* [DATA LISTING]

┌────────

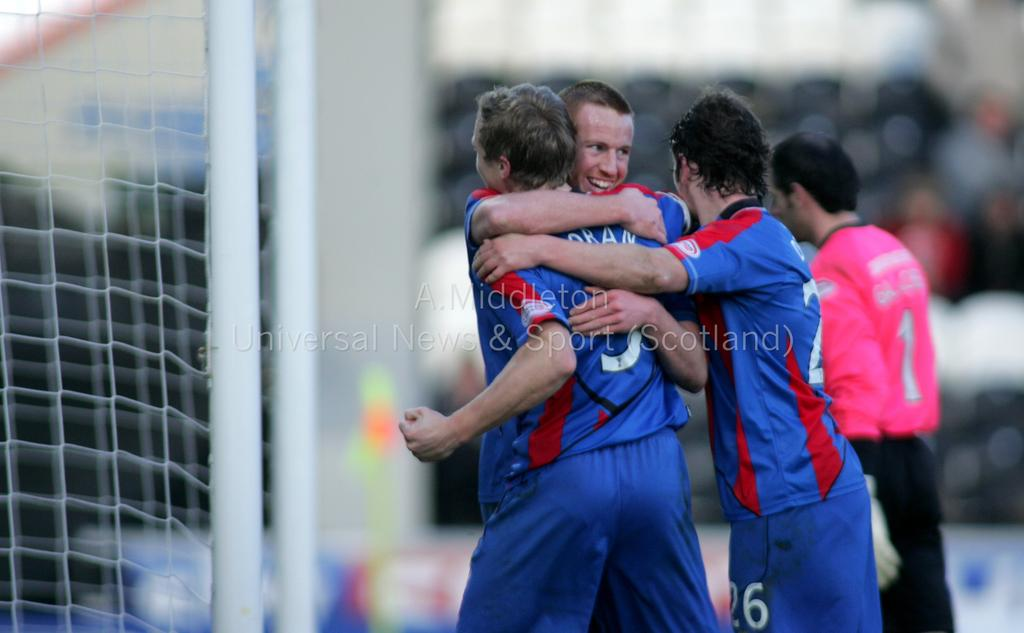<image>
Share a concise interpretation of the image provided. Number 1 of the pink team walks away as the blue team celebrates. 
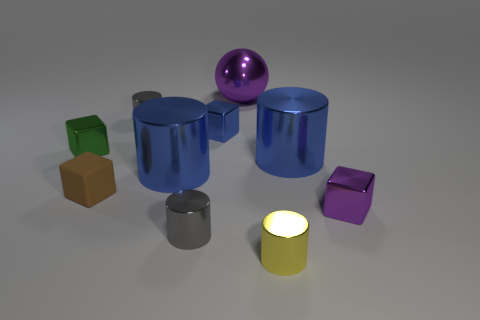Subtract 1 cylinders. How many cylinders are left? 4 Subtract all yellow cylinders. How many cylinders are left? 4 Subtract all small yellow shiny cylinders. How many cylinders are left? 4 Subtract all gray cubes. Subtract all red spheres. How many cubes are left? 4 Subtract all spheres. How many objects are left? 9 Subtract all small green cylinders. Subtract all large objects. How many objects are left? 7 Add 2 metal spheres. How many metal spheres are left? 3 Add 6 big yellow shiny cylinders. How many big yellow shiny cylinders exist? 6 Subtract 0 green cylinders. How many objects are left? 10 
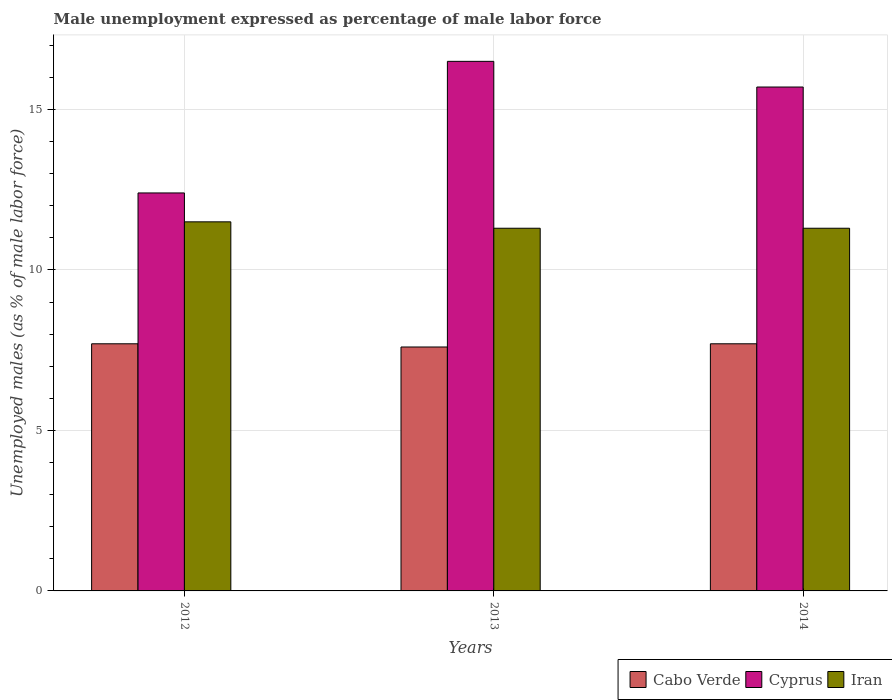How many different coloured bars are there?
Provide a short and direct response. 3. Are the number of bars per tick equal to the number of legend labels?
Provide a short and direct response. Yes. Are the number of bars on each tick of the X-axis equal?
Your response must be concise. Yes. What is the label of the 1st group of bars from the left?
Give a very brief answer. 2012. In how many cases, is the number of bars for a given year not equal to the number of legend labels?
Your answer should be compact. 0. What is the unemployment in males in in Cabo Verde in 2014?
Ensure brevity in your answer.  7.7. Across all years, what is the minimum unemployment in males in in Iran?
Provide a succinct answer. 11.3. In which year was the unemployment in males in in Iran maximum?
Provide a succinct answer. 2012. In which year was the unemployment in males in in Cyprus minimum?
Provide a short and direct response. 2012. What is the total unemployment in males in in Iran in the graph?
Offer a very short reply. 34.1. What is the difference between the unemployment in males in in Cabo Verde in 2013 and that in 2014?
Give a very brief answer. -0.1. What is the difference between the unemployment in males in in Cabo Verde in 2012 and the unemployment in males in in Iran in 2013?
Provide a succinct answer. -3.6. What is the average unemployment in males in in Cyprus per year?
Provide a short and direct response. 14.87. In the year 2014, what is the difference between the unemployment in males in in Cyprus and unemployment in males in in Iran?
Ensure brevity in your answer.  4.4. In how many years, is the unemployment in males in in Cabo Verde greater than 10 %?
Give a very brief answer. 0. What is the ratio of the unemployment in males in in Iran in 2012 to that in 2014?
Keep it short and to the point. 1.02. Is the unemployment in males in in Iran in 2013 less than that in 2014?
Provide a short and direct response. No. Is the difference between the unemployment in males in in Cyprus in 2013 and 2014 greater than the difference between the unemployment in males in in Iran in 2013 and 2014?
Your response must be concise. Yes. What is the difference between the highest and the second highest unemployment in males in in Iran?
Offer a very short reply. 0.2. What is the difference between the highest and the lowest unemployment in males in in Cabo Verde?
Keep it short and to the point. 0.1. In how many years, is the unemployment in males in in Cyprus greater than the average unemployment in males in in Cyprus taken over all years?
Give a very brief answer. 2. Is the sum of the unemployment in males in in Cabo Verde in 2013 and 2014 greater than the maximum unemployment in males in in Cyprus across all years?
Your response must be concise. No. What does the 1st bar from the left in 2012 represents?
Make the answer very short. Cabo Verde. What does the 1st bar from the right in 2013 represents?
Offer a terse response. Iran. Is it the case that in every year, the sum of the unemployment in males in in Cabo Verde and unemployment in males in in Cyprus is greater than the unemployment in males in in Iran?
Offer a terse response. Yes. Are all the bars in the graph horizontal?
Your answer should be very brief. No. Are the values on the major ticks of Y-axis written in scientific E-notation?
Ensure brevity in your answer.  No. What is the title of the graph?
Your answer should be compact. Male unemployment expressed as percentage of male labor force. What is the label or title of the Y-axis?
Offer a terse response. Unemployed males (as % of male labor force). What is the Unemployed males (as % of male labor force) in Cabo Verde in 2012?
Your answer should be compact. 7.7. What is the Unemployed males (as % of male labor force) of Cyprus in 2012?
Your response must be concise. 12.4. What is the Unemployed males (as % of male labor force) of Cabo Verde in 2013?
Provide a succinct answer. 7.6. What is the Unemployed males (as % of male labor force) in Cyprus in 2013?
Offer a terse response. 16.5. What is the Unemployed males (as % of male labor force) in Iran in 2013?
Keep it short and to the point. 11.3. What is the Unemployed males (as % of male labor force) of Cabo Verde in 2014?
Make the answer very short. 7.7. What is the Unemployed males (as % of male labor force) of Cyprus in 2014?
Your response must be concise. 15.7. What is the Unemployed males (as % of male labor force) of Iran in 2014?
Keep it short and to the point. 11.3. Across all years, what is the maximum Unemployed males (as % of male labor force) of Cabo Verde?
Your answer should be compact. 7.7. Across all years, what is the maximum Unemployed males (as % of male labor force) of Cyprus?
Your response must be concise. 16.5. Across all years, what is the maximum Unemployed males (as % of male labor force) of Iran?
Provide a succinct answer. 11.5. Across all years, what is the minimum Unemployed males (as % of male labor force) in Cabo Verde?
Ensure brevity in your answer.  7.6. Across all years, what is the minimum Unemployed males (as % of male labor force) in Cyprus?
Your answer should be very brief. 12.4. Across all years, what is the minimum Unemployed males (as % of male labor force) in Iran?
Your response must be concise. 11.3. What is the total Unemployed males (as % of male labor force) of Cyprus in the graph?
Your response must be concise. 44.6. What is the total Unemployed males (as % of male labor force) of Iran in the graph?
Provide a succinct answer. 34.1. What is the difference between the Unemployed males (as % of male labor force) in Cabo Verde in 2012 and that in 2013?
Give a very brief answer. 0.1. What is the difference between the Unemployed males (as % of male labor force) of Iran in 2012 and that in 2013?
Your response must be concise. 0.2. What is the difference between the Unemployed males (as % of male labor force) in Iran in 2012 and that in 2014?
Your response must be concise. 0.2. What is the difference between the Unemployed males (as % of male labor force) in Cabo Verde in 2013 and that in 2014?
Offer a terse response. -0.1. What is the difference between the Unemployed males (as % of male labor force) in Iran in 2013 and that in 2014?
Offer a very short reply. 0. What is the difference between the Unemployed males (as % of male labor force) of Cabo Verde in 2012 and the Unemployed males (as % of male labor force) of Iran in 2014?
Keep it short and to the point. -3.6. What is the difference between the Unemployed males (as % of male labor force) in Cabo Verde in 2013 and the Unemployed males (as % of male labor force) in Cyprus in 2014?
Your response must be concise. -8.1. What is the difference between the Unemployed males (as % of male labor force) of Cabo Verde in 2013 and the Unemployed males (as % of male labor force) of Iran in 2014?
Keep it short and to the point. -3.7. What is the difference between the Unemployed males (as % of male labor force) of Cyprus in 2013 and the Unemployed males (as % of male labor force) of Iran in 2014?
Make the answer very short. 5.2. What is the average Unemployed males (as % of male labor force) of Cabo Verde per year?
Provide a short and direct response. 7.67. What is the average Unemployed males (as % of male labor force) in Cyprus per year?
Keep it short and to the point. 14.87. What is the average Unemployed males (as % of male labor force) in Iran per year?
Make the answer very short. 11.37. In the year 2012, what is the difference between the Unemployed males (as % of male labor force) of Cabo Verde and Unemployed males (as % of male labor force) of Iran?
Provide a succinct answer. -3.8. In the year 2012, what is the difference between the Unemployed males (as % of male labor force) of Cyprus and Unemployed males (as % of male labor force) of Iran?
Give a very brief answer. 0.9. In the year 2013, what is the difference between the Unemployed males (as % of male labor force) of Cabo Verde and Unemployed males (as % of male labor force) of Cyprus?
Provide a short and direct response. -8.9. In the year 2013, what is the difference between the Unemployed males (as % of male labor force) of Cabo Verde and Unemployed males (as % of male labor force) of Iran?
Offer a terse response. -3.7. In the year 2013, what is the difference between the Unemployed males (as % of male labor force) in Cyprus and Unemployed males (as % of male labor force) in Iran?
Ensure brevity in your answer.  5.2. In the year 2014, what is the difference between the Unemployed males (as % of male labor force) in Cabo Verde and Unemployed males (as % of male labor force) in Iran?
Ensure brevity in your answer.  -3.6. What is the ratio of the Unemployed males (as % of male labor force) of Cabo Verde in 2012 to that in 2013?
Your answer should be compact. 1.01. What is the ratio of the Unemployed males (as % of male labor force) in Cyprus in 2012 to that in 2013?
Ensure brevity in your answer.  0.75. What is the ratio of the Unemployed males (as % of male labor force) of Iran in 2012 to that in 2013?
Your answer should be compact. 1.02. What is the ratio of the Unemployed males (as % of male labor force) in Cyprus in 2012 to that in 2014?
Provide a short and direct response. 0.79. What is the ratio of the Unemployed males (as % of male labor force) of Iran in 2012 to that in 2014?
Provide a succinct answer. 1.02. What is the ratio of the Unemployed males (as % of male labor force) of Cabo Verde in 2013 to that in 2014?
Make the answer very short. 0.99. What is the ratio of the Unemployed males (as % of male labor force) in Cyprus in 2013 to that in 2014?
Provide a short and direct response. 1.05. What is the ratio of the Unemployed males (as % of male labor force) in Iran in 2013 to that in 2014?
Provide a short and direct response. 1. What is the difference between the highest and the second highest Unemployed males (as % of male labor force) in Cabo Verde?
Give a very brief answer. 0. What is the difference between the highest and the second highest Unemployed males (as % of male labor force) of Iran?
Provide a succinct answer. 0.2. What is the difference between the highest and the lowest Unemployed males (as % of male labor force) in Cabo Verde?
Keep it short and to the point. 0.1. What is the difference between the highest and the lowest Unemployed males (as % of male labor force) in Cyprus?
Your answer should be very brief. 4.1. What is the difference between the highest and the lowest Unemployed males (as % of male labor force) of Iran?
Offer a very short reply. 0.2. 
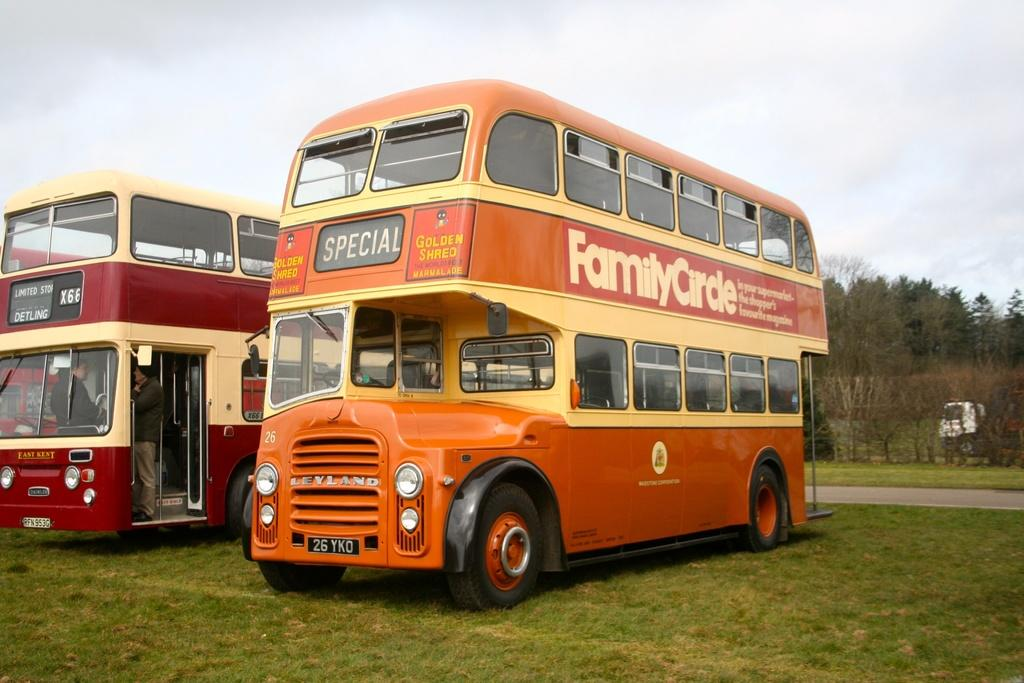<image>
Render a clear and concise summary of the photo. An orange double decker bus says Family Circle on the side. 
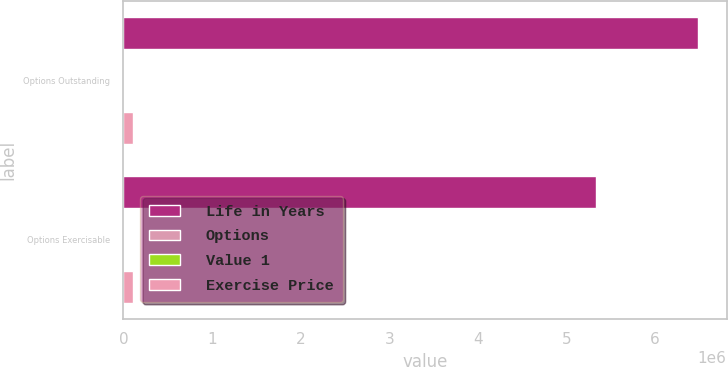Convert chart. <chart><loc_0><loc_0><loc_500><loc_500><stacked_bar_chart><ecel><fcel>Options Outstanding<fcel>Options Exercisable<nl><fcel>Life in Years<fcel>6.48383e+06<fcel>5.33604e+06<nl><fcel>Options<fcel>4.96<fcel>4.1<nl><fcel>Value 1<fcel>46.06<fcel>43.24<nl><fcel>Exercise Price<fcel>113379<fcel>110332<nl></chart>

└────────

* [AIM OF THE EXERCISE] Restate only the lines running from the start of the material above through the line containing "Share a concise", ends included. No pictures.

* [ANSWER BELOW]
<image>
Share a concise interpretation of the image provided. Number 1 of the pink team walks away as the blue team celebrates. 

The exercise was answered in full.